Photographed in 2006 alongside the sturdy,
relatively short-legged Aotea Moa Statue, designed and sculpted (in concrete?) by
Robin Coleman of Marton, and standing outside the Aotea New Zealand Souvenir
Store on Queen Street in the centre of Auckland, on North Island, New Zealand –
might it have been inspired by a Pachyornis species? (© Dr Karl Shuker)
It is well established that the extinct moas constituted a group
of ratites exclusive to New Zealand - which is why
the little-known tale of Australia's unique Queensland moa is worth
retelling. So here it is.
In 1884, this zoogeographical heretic was christened Dinornis
queenslandiae by English-born zoologist Charles W. De Vis (at that time the
director of the Queensland Museum), in a Proceedings
of the Royal Society of Queensland paper. He based
its species on a fossilised, incomplete left femur, spotted by him in a
collection of bones from King's Creek, on Queensland's Darling Downs,
that had been presented to the museum by a Mr J. Daniels of Pilton. Naturally,
the specimen attracted great interest among ornithologists, as it extended the
moas' distribution very considerably. No longer were they a novelty of New Zealand - always
assuming, of course, that it really was a moa.

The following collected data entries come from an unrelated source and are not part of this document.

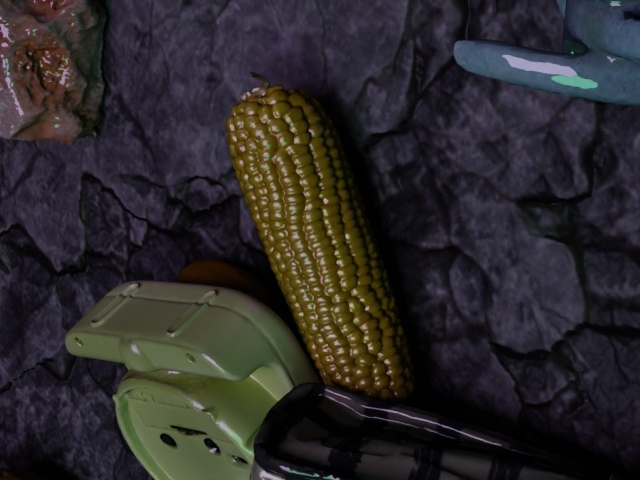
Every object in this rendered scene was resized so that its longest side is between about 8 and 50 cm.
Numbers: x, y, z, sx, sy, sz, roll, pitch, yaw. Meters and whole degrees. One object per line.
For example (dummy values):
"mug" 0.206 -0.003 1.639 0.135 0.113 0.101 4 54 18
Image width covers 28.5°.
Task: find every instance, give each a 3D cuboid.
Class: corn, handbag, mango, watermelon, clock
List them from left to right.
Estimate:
"watermelon" -0.359 -0.248 1.255 0.302 0.151 0.264 28 119 30
"mango" -0.089 0.062 1.195 0.114 0.060 0.080 31 121 26
"clock" -0.086 0.180 1.168 0.235 0.096 0.308 1 127 43
"corn" 0.000 0.000 1.084 0.101 0.101 0.310 -16 99 40
"handbag" 0.102 0.305 1.020 0.327 0.162 0.325 13 117 19

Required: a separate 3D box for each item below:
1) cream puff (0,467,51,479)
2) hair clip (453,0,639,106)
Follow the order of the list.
"cream puff" -0.358 0.417 1.381 0.343 0.327 0.231 21 121 -11
"hair clip" 0.225 -0.242 0.742 0.392 0.238 0.318 21 118 32
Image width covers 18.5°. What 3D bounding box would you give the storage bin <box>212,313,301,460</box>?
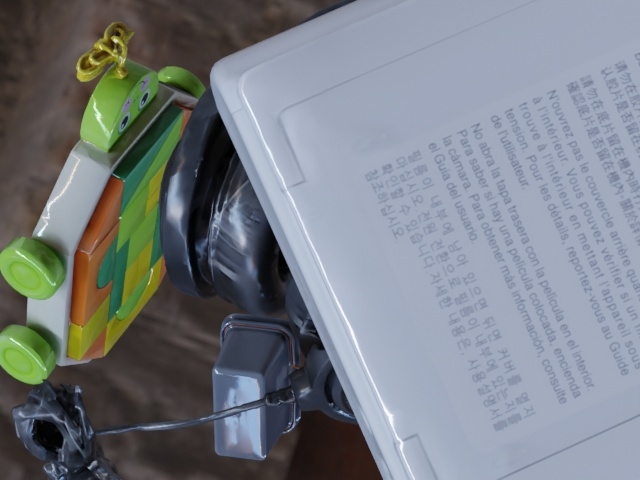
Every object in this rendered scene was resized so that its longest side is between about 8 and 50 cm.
[{"bbox_3d":[-0.066,0.159,2.015,0.098,0.091,0.135,6,119,12],"label":"storage bin"}]

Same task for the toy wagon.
[{"bbox_3d":[-0.180,-0.038,1.697,0.068,0.267,0.344,27,140,10],"label":"toy wagon"}]

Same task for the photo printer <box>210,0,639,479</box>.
[{"bbox_3d":[0.141,-0.018,0.825,0.307,0.256,0.107,-25,179,-5],"label":"photo printer"}]

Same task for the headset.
[{"bbox_3d":[0.000,0.000,1.072,0.243,0.394,0.185,39,164,26],"label":"headset"}]
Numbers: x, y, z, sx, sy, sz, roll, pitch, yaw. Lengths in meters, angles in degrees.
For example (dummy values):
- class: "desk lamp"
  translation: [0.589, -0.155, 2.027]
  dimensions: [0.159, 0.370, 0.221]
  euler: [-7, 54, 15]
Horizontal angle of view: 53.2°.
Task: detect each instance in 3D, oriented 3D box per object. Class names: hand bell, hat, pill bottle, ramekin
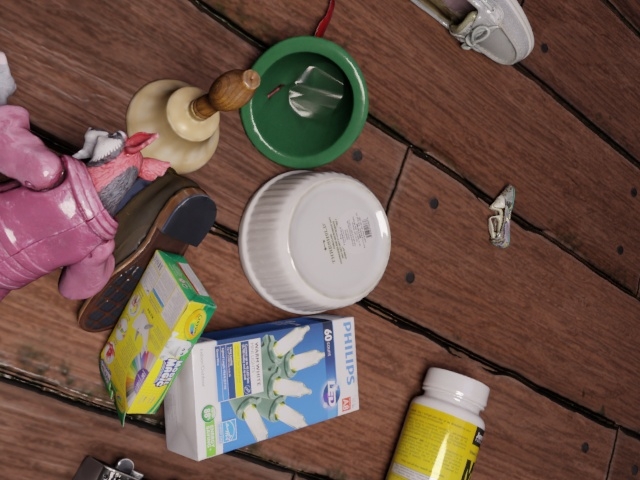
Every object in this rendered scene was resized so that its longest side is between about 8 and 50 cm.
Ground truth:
- class: "hand bell"
  translation: [-0.132, -0.155, 0.736]
  dimensions: [0.126, 0.242, 0.126]
  euler: [2, 87, -30]
- class: "hat"
  translation: [-0.006, -0.224, 0.941]
  dimensions: [0.173, 0.183, 0.208]
  euler: [43, 110, -10]
- class: "pill bottle"
  translation: [0.178, 0.307, 0.964]
  dimensions: [0.119, 0.119, 0.209]
  euler: [29, 73, -26]
- class: "ramekin"
  translation: [0.000, 0.000, 0.883]
  dimensions: [0.207, 0.109, 0.207]
  euler: [2, 85, -30]

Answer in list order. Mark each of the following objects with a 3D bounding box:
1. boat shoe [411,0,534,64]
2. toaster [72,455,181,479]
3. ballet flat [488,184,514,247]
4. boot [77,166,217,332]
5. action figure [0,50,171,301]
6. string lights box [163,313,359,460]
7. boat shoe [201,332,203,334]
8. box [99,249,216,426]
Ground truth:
- class: "boat shoe"
  translation: [0.211, -0.387, 1.034]
  dimensions: [0.320, 0.118, 0.103]
  euler: [38, 75, -19]
- class: "toaster"
  translation: [-0.222, 0.358, 0.727]
  dimensions: [0.168, 0.110, 0.186]
  euler: [33, 71, -24]
- class: "ballet flat"
  translation: [0.314, -0.045, 1.115]
  dimensions: [0.041, 0.041, 0.115]
  euler: [14, 79, -29]
- class: "boot"
  translation: [-0.224, 0.007, 0.779]
  dimensions: [0.219, 0.106, 0.082]
  euler: [-46, 139, 3]
- class: "action figure"
  translation: [-0.312, -0.006, 0.595]
  dimensions: [0.370, 0.276, 0.248]
  euler: [-29, 122, -1]
- class: "string lights box"
  translation: [-0.069, 0.176, 0.822]
  dimensions: [0.259, 0.076, 0.134]
  euler: [-4, 90, -42]
- class: "boat shoe"
  translation: [-0.173, 0.121, 0.807]
  dimensions: [0.056, 0.048, 0.153]
  euler: [-9, 91, -31]
- class: "box"
  translation: [-0.193, 0.114, 0.729]
  dimensions: [0.043, 0.105, 0.179]
  euler: [19, 110, -44]
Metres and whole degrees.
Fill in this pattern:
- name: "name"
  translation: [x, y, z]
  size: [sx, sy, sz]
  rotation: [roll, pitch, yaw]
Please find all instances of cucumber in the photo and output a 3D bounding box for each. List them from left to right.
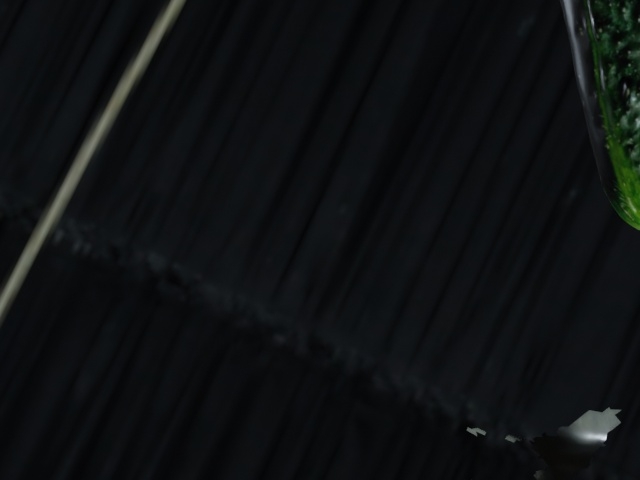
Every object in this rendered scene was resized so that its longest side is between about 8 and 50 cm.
- name: "cucumber"
  translation: [0.124, -0.121, 0.649]
  size: [0.074, 0.241, 0.074]
  rotation: [-11, -173, 1]

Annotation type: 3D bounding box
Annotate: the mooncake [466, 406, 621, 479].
- name: "mooncake"
  translation: [0.007, -0.010, 0.345]
  size: [0.150, 0.057, 0.347]
  rotation: [0, 140, 52]
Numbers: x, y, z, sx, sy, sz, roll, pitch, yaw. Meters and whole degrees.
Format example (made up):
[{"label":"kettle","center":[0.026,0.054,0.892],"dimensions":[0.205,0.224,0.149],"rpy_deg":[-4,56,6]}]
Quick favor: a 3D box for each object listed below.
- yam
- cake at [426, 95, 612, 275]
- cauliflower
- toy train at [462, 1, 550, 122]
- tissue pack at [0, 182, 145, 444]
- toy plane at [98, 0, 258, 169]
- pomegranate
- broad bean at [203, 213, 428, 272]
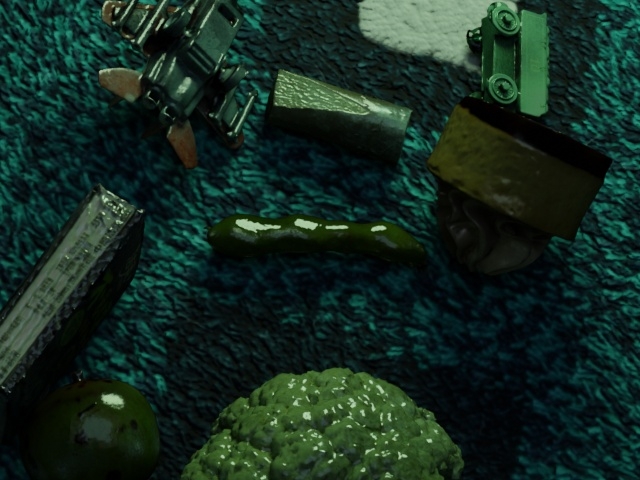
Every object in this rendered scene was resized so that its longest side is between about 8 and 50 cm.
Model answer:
[{"label":"yam","center":[0.022,-0.142,1.686],"dimensions":[0.169,0.068,0.068],"rpy_deg":[17,64,-7]},{"label":"cake","center":[0.200,-0.047,1.630],"dimensions":[0.185,0.207,0.178],"rpy_deg":[25,91,-4]},{"label":"cauliflower","center":[0.004,0.256,1.453],"dimensions":[0.275,0.272,0.250],"rpy_deg":[-1,108,6]},{"label":"toy train","center":[0.227,-0.204,1.766],"dimensions":[0.099,0.070,0.172],"rpy_deg":[13,65,-19]},{"label":"tissue pack","center":[-0.265,0.076,1.462],"dimensions":[0.073,0.173,0.235],"rpy_deg":[32,65,3]},{"label":"toy plane","center":[-0.127,-0.239,1.672],"dimensions":[0.223,0.104,0.326],"rpy_deg":[44,57,-23]},{"label":"pomegranate","center":[-0.211,0.212,1.441],"dimensions":[0.148,0.148,0.169],"rpy_deg":[-37,105,-25]},{"label":"broad bean","center":[0.000,-0.001,1.633],"dimensions":[0.256,0.052,0.053],"rpy_deg":[5,108,-14]}]
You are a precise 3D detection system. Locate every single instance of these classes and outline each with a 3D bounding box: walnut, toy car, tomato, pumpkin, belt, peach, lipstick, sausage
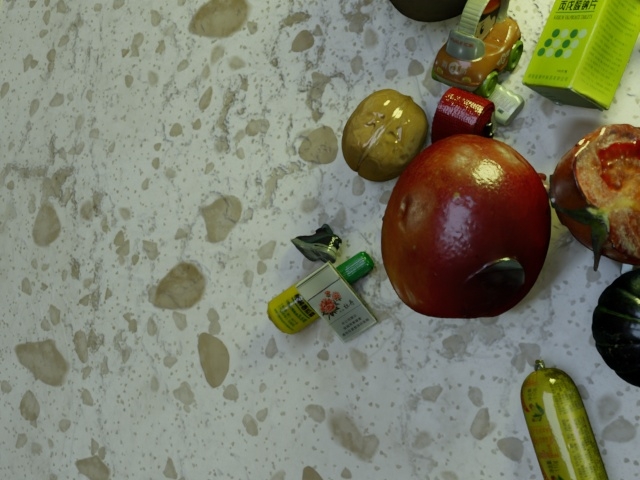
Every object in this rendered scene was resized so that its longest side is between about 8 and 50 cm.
[{"bbox_3d":[0.153,-0.253,1.485,0.193,0.193,0.225,30,95,27],"label":"walnut"},{"bbox_3d":[0.351,-0.458,1.358,0.145,0.235,0.235,30,98,27],"label":"toy car"},{"bbox_3d":[0.586,-0.087,1.228,0.170,0.309,0.308,161,109,-68],"label":"tomato"},{"bbox_3d":[0.654,0.170,1.160,0.250,0.216,0.249,0,88,1],"label":"pumpkin"},{"bbox_3d":[0.332,-0.245,1.382,0.124,0.201,0.128,29,72,25],"label":"belt"},{"bbox_3d":[0.302,-0.002,1.265,0.310,0.335,0.405,-109,37,-60],"label":"peach"},{"bbox_3d":[0.637,0.082,1.279,0.025,0.025,0.107,9,94,28],"label":"lipstick"},{"bbox_3d":[0.501,0.416,1.259,0.123,0.123,0.347,-21,75,24],"label":"sausage"}]

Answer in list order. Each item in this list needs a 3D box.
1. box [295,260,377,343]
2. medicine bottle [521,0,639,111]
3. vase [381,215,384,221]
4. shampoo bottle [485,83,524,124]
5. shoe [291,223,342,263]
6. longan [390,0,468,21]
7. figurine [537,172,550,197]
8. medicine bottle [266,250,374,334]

The contentious partial left femur upon which the Queensland
moa was established (Figs 1 and 2 from De Vis's Proceedings of the Royal
Society of Queensland paper, 1884 – public domain)
Over the years, however, this assumption became a much-debated
issue.
In 1893, for instance, eminent New Zealand naturalist Captain
Frederick W. Hutton deemed the bone to be from a cassowary-like species that
probably represented the common ancestor of emus and cassowaries, which are
currently classed together within the same taxonomic order, Casuariiformes (and
click here
to access my ShukerNature article documenting some very controversial
cassowaries). He documented his opinion in a Proceedings of the Linnean
Society of NSW paper.
Australian emu Dromaius novaehollandiae (top)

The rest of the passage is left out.